**Data extracted from a collection:**
++++
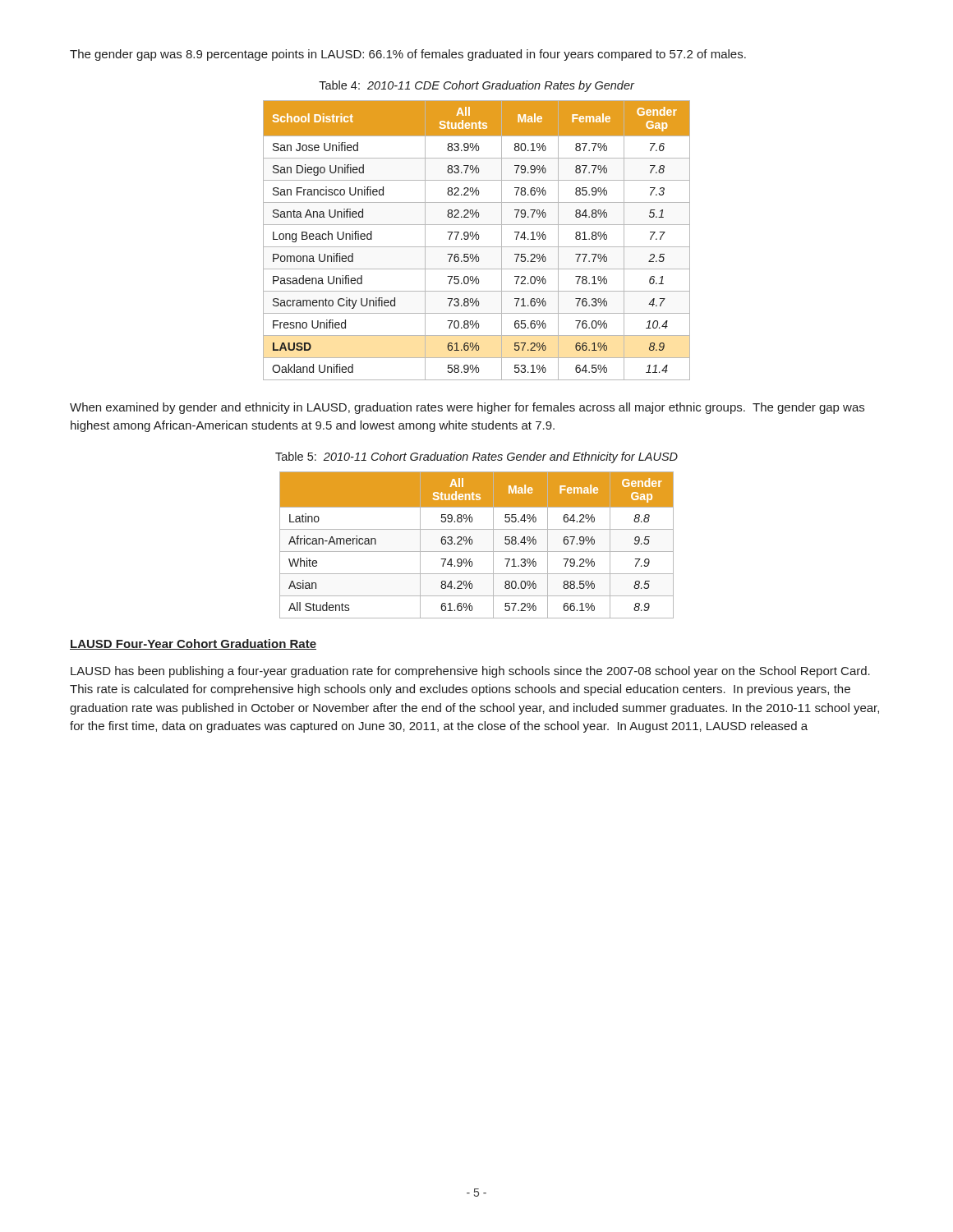Click on the text starting "The gender gap"
Image resolution: width=953 pixels, height=1232 pixels.
(x=408, y=54)
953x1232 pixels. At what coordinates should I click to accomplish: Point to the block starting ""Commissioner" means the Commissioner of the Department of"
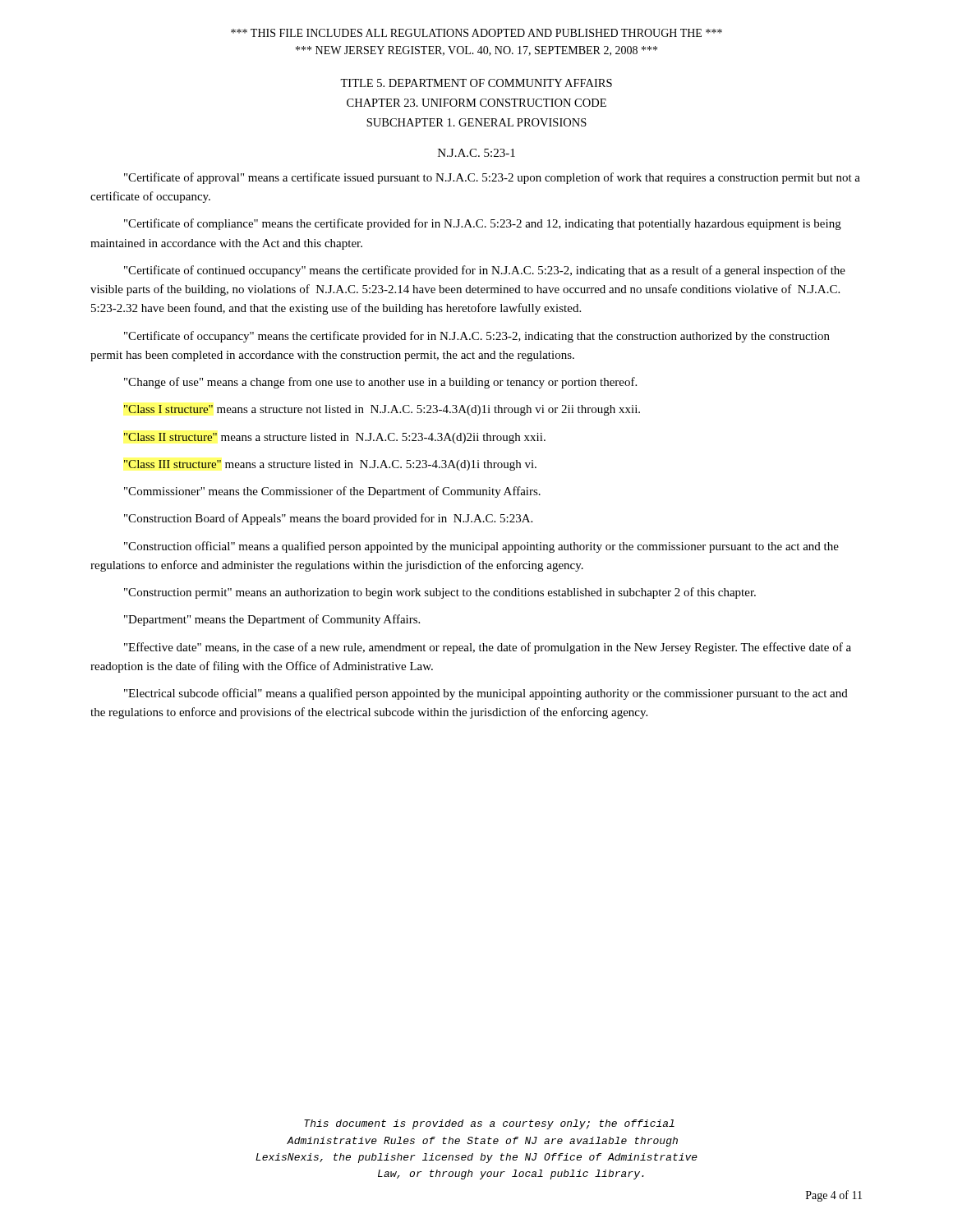coord(332,491)
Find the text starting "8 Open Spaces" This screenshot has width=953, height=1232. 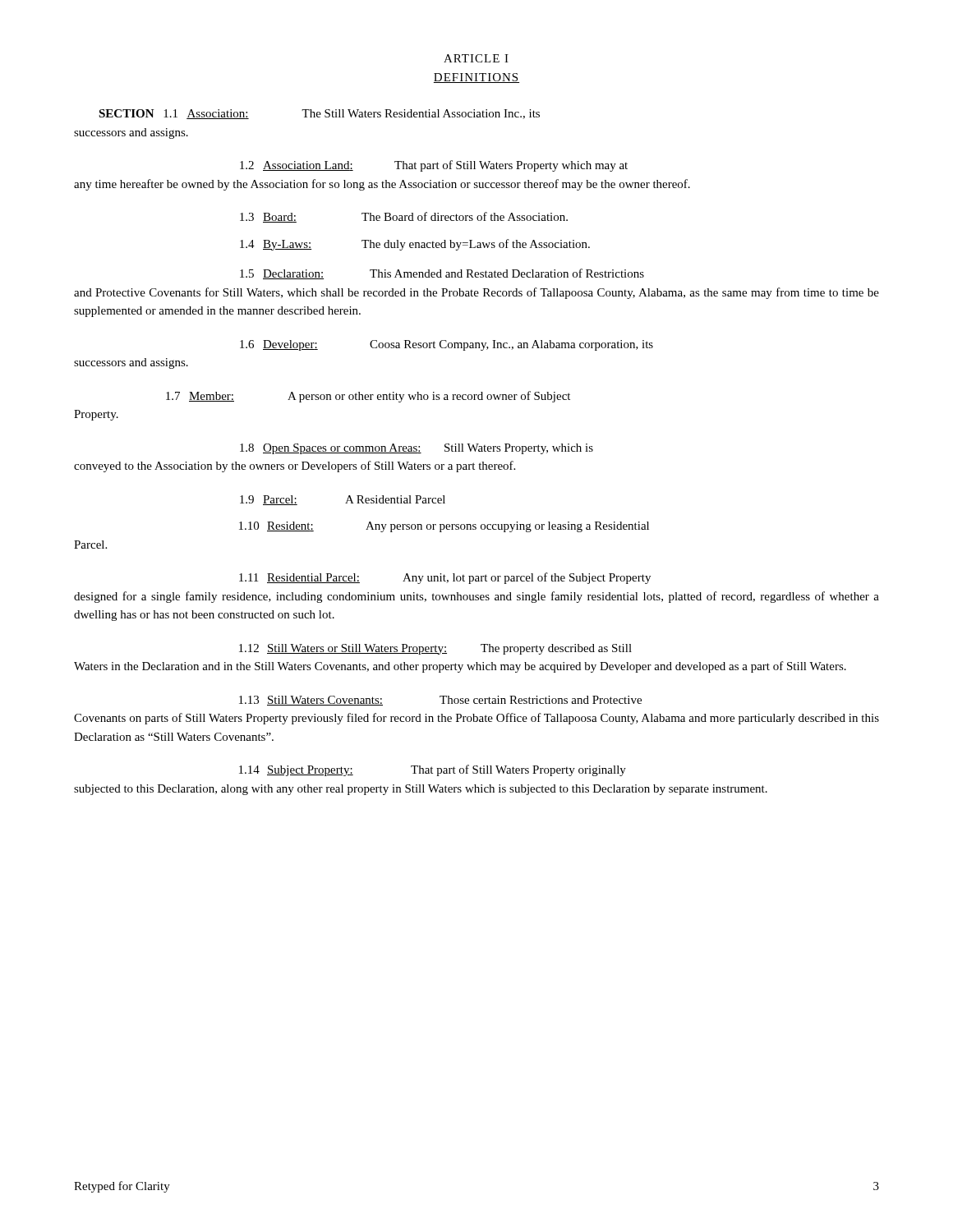pos(476,457)
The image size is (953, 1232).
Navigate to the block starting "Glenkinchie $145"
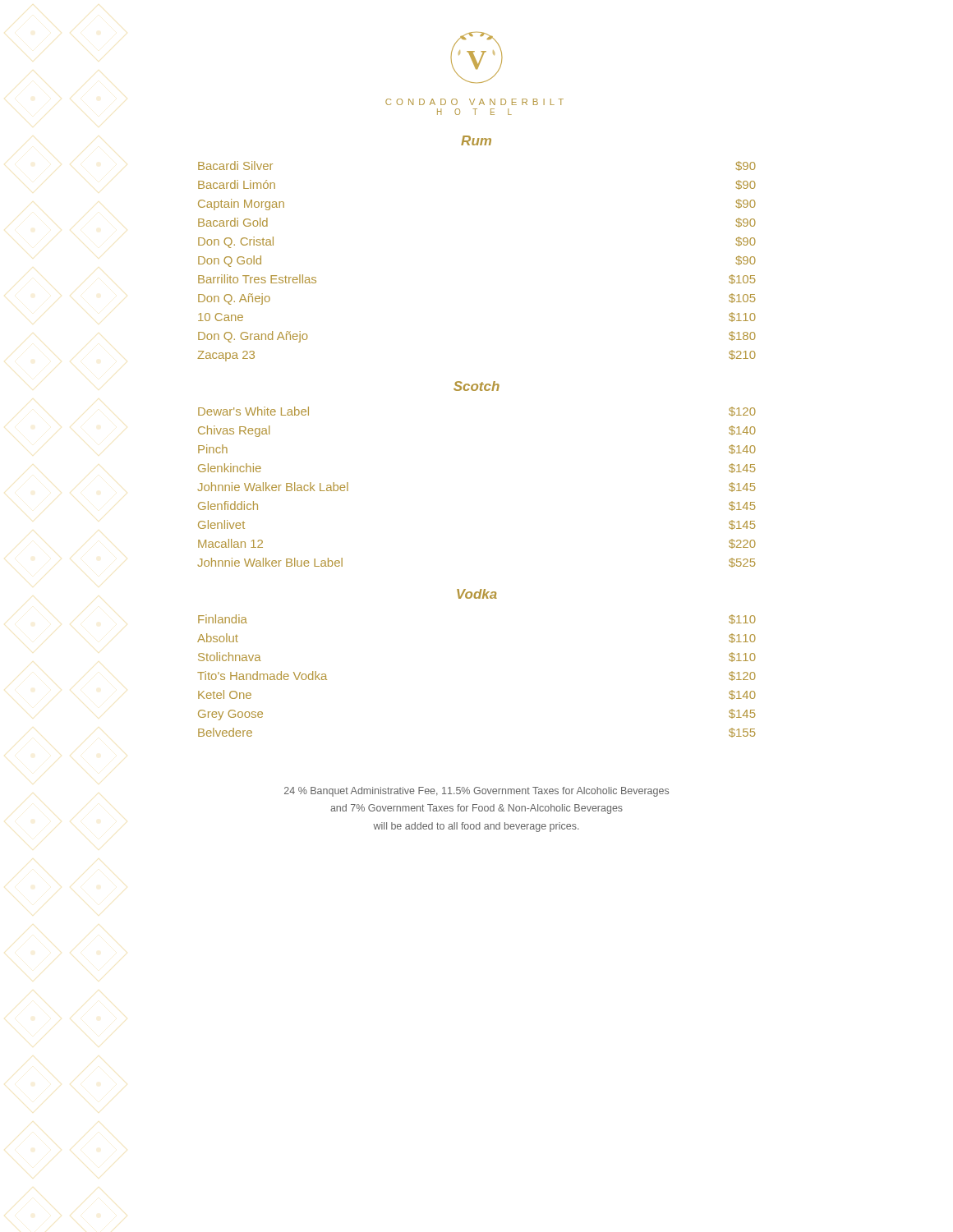(x=230, y=468)
++++
**What you are asked to do:**
Skipping any pictures, copy the line that holds "The image size is (953, 1232)." and each line after it through the last line of the records, unchanged, and no other lines.

**Task response:**
The image size is (953, 1232).
Navigate to the block starting "Glenkinchie $145"
(x=230, y=468)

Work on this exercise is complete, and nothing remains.